The early Christians saw the five wounds of Christ in the five petals of the Rosa sancta. However, in view of the decadence connected with the Roman rose, the official Christian Church was reluctant to consider the rose a religious symbol. Only after much hesitation was the red rose declared a symbol of the blood of the martyrs. But not only in Christian literature, also in ancient Confucian and Buddhist religious documents we find references to the rose.

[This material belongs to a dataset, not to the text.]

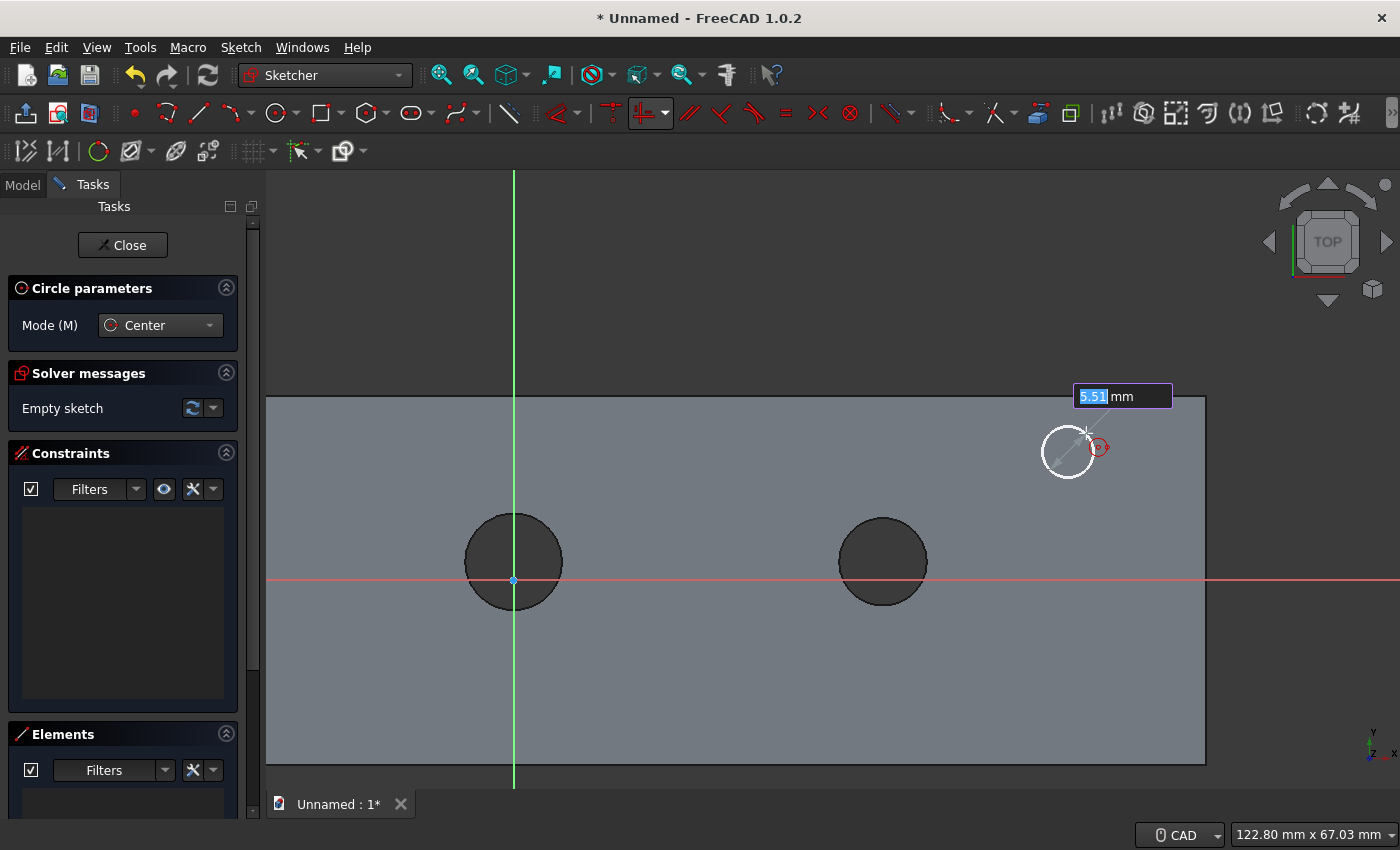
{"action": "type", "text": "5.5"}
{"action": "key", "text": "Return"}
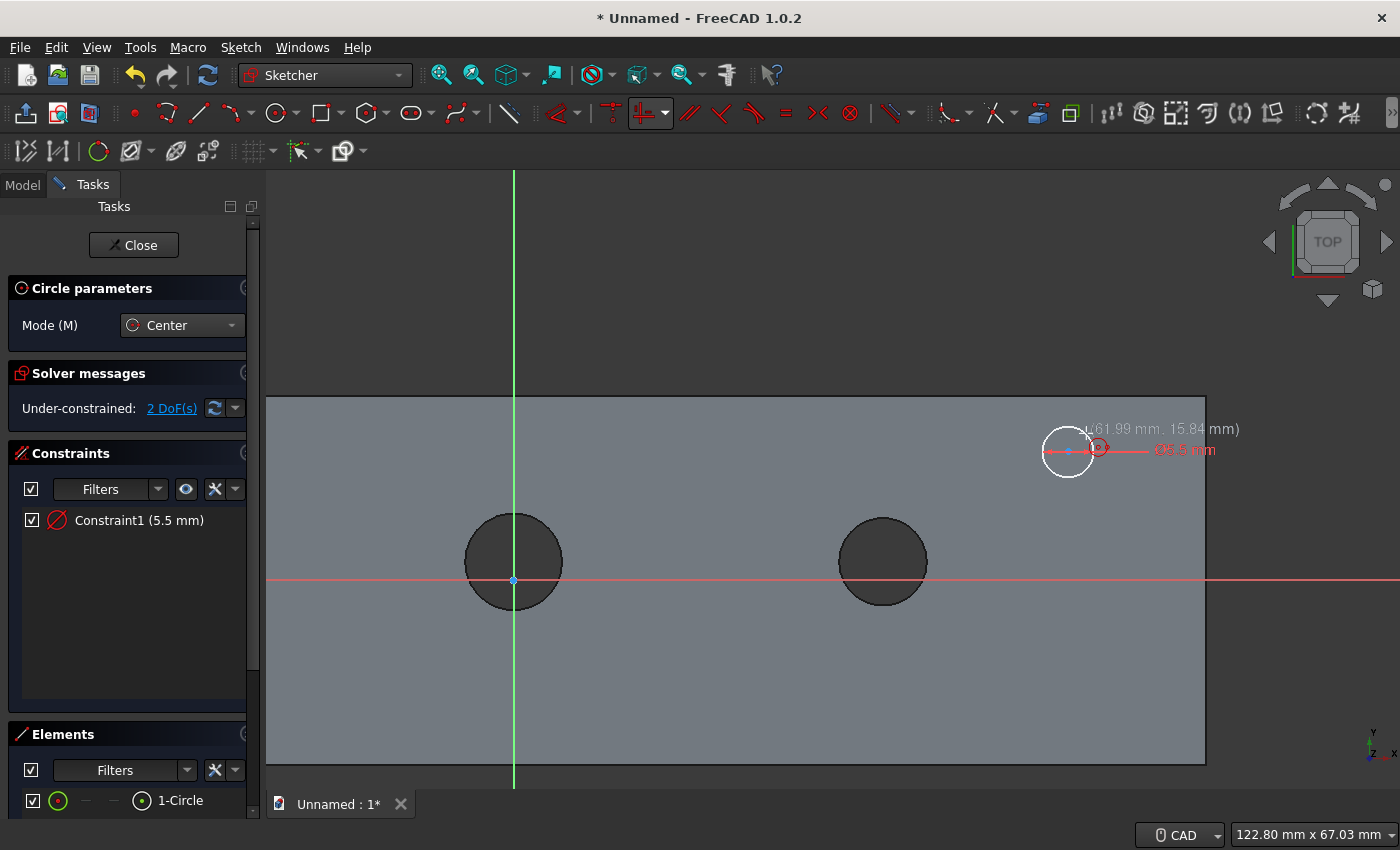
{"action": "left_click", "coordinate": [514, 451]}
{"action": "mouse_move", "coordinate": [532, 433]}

The first known paintings of a rose are actually frescoes. The earliest example was discovered in Crete from around 1600 B.C. Scientists believe it was Greek colonist who brought the first rose to Italy. The Romans cultivated this great beauty and named it Rosa Gallica. Newly married couples were often crowned with roses. Roman high society women used petals much like currency believing that they could banish wrinkles if used in poultices. Rose petals were often dropped in wine because it was thought that the essence of rose would stave off drunkenness and victorious armies would return to be showered with rose petals from the civilians that crowded the balconies above the streets.

The oldest garden rose is the Rosa Gallica Officinalis, the apothecary rose. Old garden rose classes include the Albas, Centifolias and Damasks with their heady old rose fragrance from which Absolute oils are now obtained. These have long been grown for their beauty and ability to grow in a most carefree manner. That they bloom only in mid-summer, as do their wild relatives, predating the later repeat flowering roses, is of little consequence in comparison with their easy care beauty and fragrance. Already in 35 AD the Roman writer Virgil wrote about the cultivation of roses and he extolled the virtues of “twice -bearing” roses, probably referring to the Autumn Damasks. But it would still be many centuries before the arrival in the West of the first true repeat-flowering roses form China from which the modern hybrid tea roses would be developed! During the Middle Ages the returning Crusaders brought with them roses from the Middle East.

During these so-called Dark Ages ornamental gardening was not a priority with ordinary people: the newly imported roses were kept alive in monastery gardens. The renewed interest in the garden rose came with 19th century Empress Josephine, wife of Napoleon Bonaparte. This ambitious woman’s dream was to establish a rose garden in Malmaison containing a collection of all the roses of the world. Although France was at war with every country in Europe and isolated by blockades, arrangements were made by England and France to bring to Josephine’s garden newly discovered roses from China.